Here is the import par file. Can I send you more info directly? I don’t want to clutter the comment section with just my problem.
## create or replace directory DP_TRANS_ISY as ‘/nas/trans/DMP/CISY’;
## export ORACLE_PDB_SID=ISYUTF8; impdp parfile=imp_schema_mvr_ISYMV_SCHEMA.par
USERID = ‘/ as sysdba’
directory = DP_TRANS_ISY
dumpfile = exp_schema_mvr_ISYMV_SCHEMA%U.dmp
logfile = imp_schema_mvr_ISYMV_SCHEMA.log
logtime = all
parallel = 32
# full = y
# content = data_only
exclude = statistics
metrics = y
Here is the interesting part of the log file where you can see that the indexes and functional indexes have been imported by all of the dp workers, while the constraints and foreign key constraints have been imported only by worker 1:
01-MAR-23 13:17:28.043: W-6 Processing object type SCHEMA_EXPORT/TABLE/INDEX/INDEX
01-MAR-23 14:04:20.206: W-9 Completed 149 INDEX objects in 2811 seconds
01-MAR-23 14:04:20.206: W-9 Completed by worker 1 3 INDEX objects in 2447 seconds
01-MAR-23 14:04:20.206: W-9 Completed by worker 2 5 INDEX objects in 2624 seconds
01-MAR-23 14:04:20.206: W-9 Completed by worker 3 4 INDEX objects in 2543 seconds
01-MAR-23 14:04:20.206: W-9 Completed by worker 4 3 INDEX objects in 2404 seconds
01-MAR-23 14:04:20.206: W-9 Completed by worker 5 3 INDEX objects in 2566 seconds
01-MAR-23 14:04:20.206: W-9 Completed by worker 6 2 INDEX objects in 2461 seconds
01-MAR-23 14:04:20.206: W-9 Completed by worker 7 7 INDEX objects in 2581 seconds
01-MAR-23 14:04:20.206: W-9 Completed by worker 8 19 INDEX objects in 2623 seconds
01-MAR-23 14:04:20.206: W-9 Completed by worker 9 2 INDEX objects in 2373 seconds
01-MAR-23 14:04:20.206: W-9 Completed by worker 10 12 INDEX objects in 2443 seconds
01-MAR-23 14:04:20.206: W-9 Completed by worker 11 26 INDEX objects in 2811 seconds
01-MAR-23 14:04:20.206: W-9 Completed by worker 12 11 INDEX objects in 2632 seconds
01-MAR-23 14:04:20.206: W-9 Completed by worker 13 7 INDEX objects in 2507 seconds
01-MAR-23 14:04:20.206: W-9 Completed by worker 14 31 INDEX objects in 2643 seconds
01-MAR-23 14:04:20.206: W-9 Completed by worker 15 9 INDEX objects in 2599 seconds
01-MAR-23 14:04:20.206: W-9 Completed by worker 16 5 INDEX objects in 2504 seconds
01-MAR-23 14:04:20.218: W-9 Processing object type SCHEMA_EXPORT/TABLE/INDEX/FUNCTIONAL_INDEX/INDEX
01-MAR-23 14:19:35.181: W-1 Completed 2 INDEX objects in 914 seconds
01-MAR-23 14:19:35.181: W-1 Completed by worker 4 1 INDEX objects in 914 seconds
01-MAR-23 14:19:35.181: W-1 Completed by worker 10 1 INDEX objects in 43 seconds
01-MAR-23 14:19:35.184: W-1 Processing object type SCHEMA_EXPORT/TABLE/CONSTRAINT/CONSTRAINT
01-MAR-23 17:22:50.136: W-6 Completed 75 CONSTRAINT objects in 10994 seconds
01-MAR-23 17:22:50.136: W-6 Completed by worker 1 75 CONSTRAINT objects in 10994 seconds
01-MAR-23 17:22:50.138: W-6 Processing object type SCHEMA_EXPORT/TABLE/CONSTRAINT/REF_CONSTRAINT
01-MAR-23 17:22:51.440: W-16 Completed 12 REF_CONSTRAINT objects in 0 seconds
01-MAR-23 17:22:51.440: W-16 Completed by worker 1 12 REF_CONSTRAINT objects in 0 seconds
sorry for the VERY late reply. We discussed this internally weeks ago already but I did not follow up yet with you. Please always feel free to mail me directly since we worked together for such a long time.

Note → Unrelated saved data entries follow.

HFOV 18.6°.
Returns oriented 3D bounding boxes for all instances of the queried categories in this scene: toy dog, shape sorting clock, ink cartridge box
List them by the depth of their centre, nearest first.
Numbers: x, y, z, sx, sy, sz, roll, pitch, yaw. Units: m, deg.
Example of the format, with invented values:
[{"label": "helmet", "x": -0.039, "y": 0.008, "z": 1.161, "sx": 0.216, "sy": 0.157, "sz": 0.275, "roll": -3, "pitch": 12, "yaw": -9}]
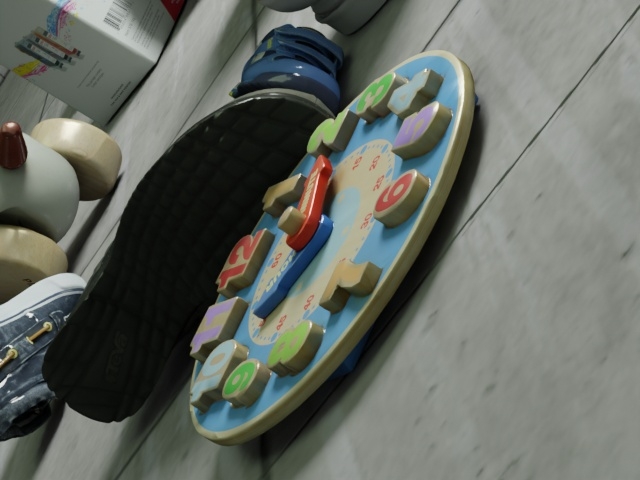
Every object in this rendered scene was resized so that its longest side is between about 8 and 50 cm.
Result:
[{"label": "shape sorting clock", "x": 0.000, "y": 0.000, "z": 0.884, "sx": 0.206, "sy": 0.040, "sz": 0.206, "roll": -53, "pitch": 15, "yaw": 21}, {"label": "toy dog", "x": -0.337, "y": -0.054, "z": 1.623, "sx": 0.161, "sy": 0.333, "sz": 0.220, "roll": 78, "pitch": -176, "yaw": -53}, {"label": "ink cartridge box", "x": -0.241, "y": -0.228, "z": 1.910, "sx": 0.127, "sy": 0.176, "sz": 0.128, "roll": -42, "pitch": 21, "yaw": 49}]

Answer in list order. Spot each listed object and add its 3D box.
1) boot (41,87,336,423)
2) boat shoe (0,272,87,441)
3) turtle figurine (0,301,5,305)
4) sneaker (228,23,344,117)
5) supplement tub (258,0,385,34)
[{"label": "boot", "x": -0.066, "y": -0.022, "z": 1.089, "sx": 0.246, "sy": 0.083, "sz": 0.161, "roll": -48, "pitch": 11, "yaw": 31}, {"label": "boat shoe", "x": -0.200, "y": 0.085, "z": 1.364, "sx": 0.065, "sy": 0.083, "sz": 0.183, "roll": -50, "pitch": -11, "yaw": 29}, {"label": "turtle figurine", "x": -0.334, "y": 0.040, "z": 1.778, "sx": 0.175, "sy": 0.118, "sz": 0.234, "roll": -29, "pitch": -21, "yaw": -36}, {"label": "sneaker", "x": -0.015, "y": -0.098, "z": 1.119, "sx": 0.059, "sy": 0.053, "sz": 0.144, "roll": -57, "pitch": 15, "yaw": -3}, {"label": "supplement tub", "x": -0.036, "y": -0.225, "z": 1.149, "sx": 0.144, "sy": 0.199, "sz": 0.144, "roll": -54, "pitch": 15, "yaw": 21}]

“Constraint indexes (primary keys, anyway, which are implemented as unique indexes) are not built at the same point as the other indexes, and in fact Data Pump isn’t the entity directing creation of those indexes. PK indexes are also not excluded if you EXCLUDE=INDEX, because they are table objects, not index objects.
We do import other constraints in parallel, as we do indexes, since 220.127.116.11. But I think that PK constraints are not done that way because they are created when the table is built. That’s my recollection, but if there is a logfile showing what he is seeing, that might help.”
I shared your log with Bill and Roy. If something strange is shown, I will follow up with you via email.